England’s treatment of Jonny Bairstow has continued his cycle of pain and joy | Jonathan Liew
One summer, when he was 16 years old, carefree and on the very verge of life itself, Jonny Bairstow and a few of his friends went on a surfing holiday to Cornwall. One evening, he tells us in his autobiography, A Clear Blue Sky, they were sitting blissfully on the beach in Newquay when someone asked what everyone’s father did for a living. Bairstow explained in an even voice that his own father had died some years earlier. There was an awkward silence. And then someone laughed: a cruel, disbelieving, illogical laugh. Feeling the tears welling inside him, shaking with rage and embarrassment and loss, Bairstow simply got up and walked away, walked until he could walk no further.

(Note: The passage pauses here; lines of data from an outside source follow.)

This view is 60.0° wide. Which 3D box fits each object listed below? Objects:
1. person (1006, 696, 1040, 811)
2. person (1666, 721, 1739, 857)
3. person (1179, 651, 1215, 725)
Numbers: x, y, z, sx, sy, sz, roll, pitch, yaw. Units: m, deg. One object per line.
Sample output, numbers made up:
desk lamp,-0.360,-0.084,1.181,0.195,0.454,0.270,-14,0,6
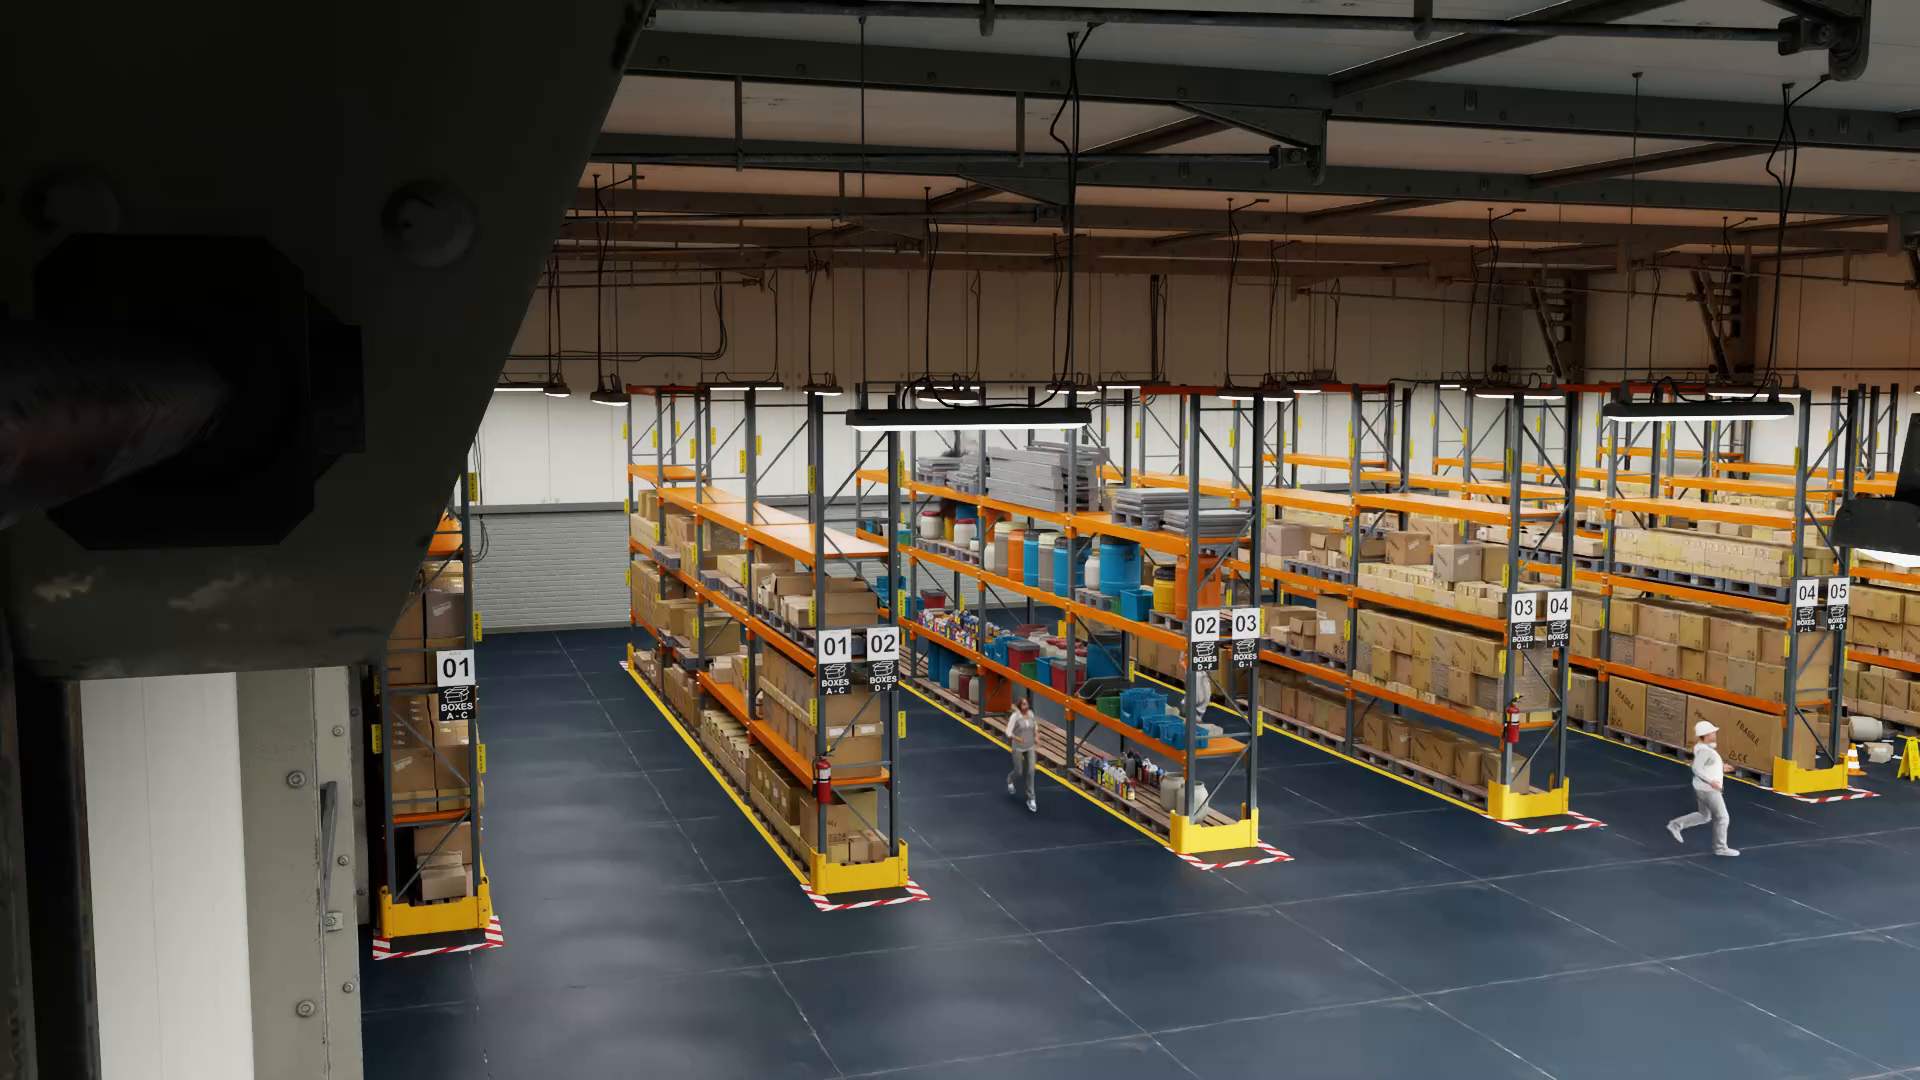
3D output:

The lesson Bairstow learned that night – a lesson we all learn and relearn in various ways – is that the moments of greatest pain frequently arise out of the moments of greatest joy. Often they come wrapped in the same clothes. Out of the golden memories of his father, David, comes the bitter recollection of his death when Johnny was just eight. Out of the grief comes a resolve to honour his memory by following him as a wicketkeeper-batsman for Yorkshire and England. Out of this lifelong ambition comes some of his most crushing disappointments. On it goes: pain and joy pursuing and nourishing each other, a bittersweet compact that can never truly be broken.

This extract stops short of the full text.